## Task objective
Verbatim reproduction of the entries is required; images must be omitted.

=== Begin Enclosure ===

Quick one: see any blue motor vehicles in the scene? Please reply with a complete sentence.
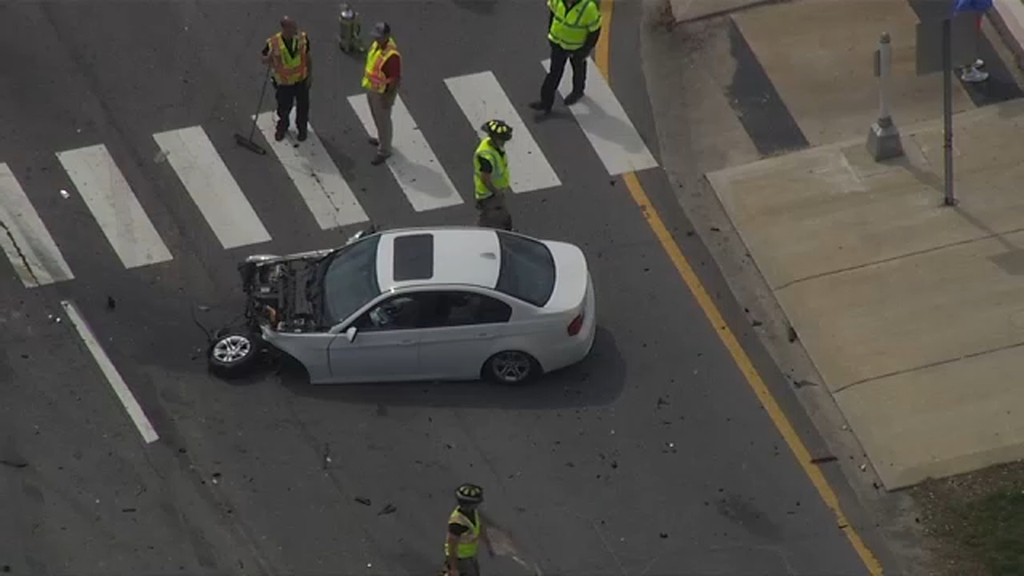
No, no blue motor vehicle is visible in the scene.
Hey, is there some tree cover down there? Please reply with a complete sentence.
No, no tree cover is visible.
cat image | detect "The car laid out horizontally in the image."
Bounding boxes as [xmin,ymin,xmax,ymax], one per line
[203,226,596,386]

=== End Enclosure ===

## Reply to the task
Quick one: see any blue motor vehicles in the scene? Please reply with a complete sentence.
No, no blue motor vehicle is visible in the scene.
Hey, is there some tree cover down there? Please reply with a complete sentence.
No, no tree cover is visible.
cat image | detect "The car laid out horizontally in the image."
Bounding boxes as [xmin,ymin,xmax,ymax], one per line
[203,226,596,386]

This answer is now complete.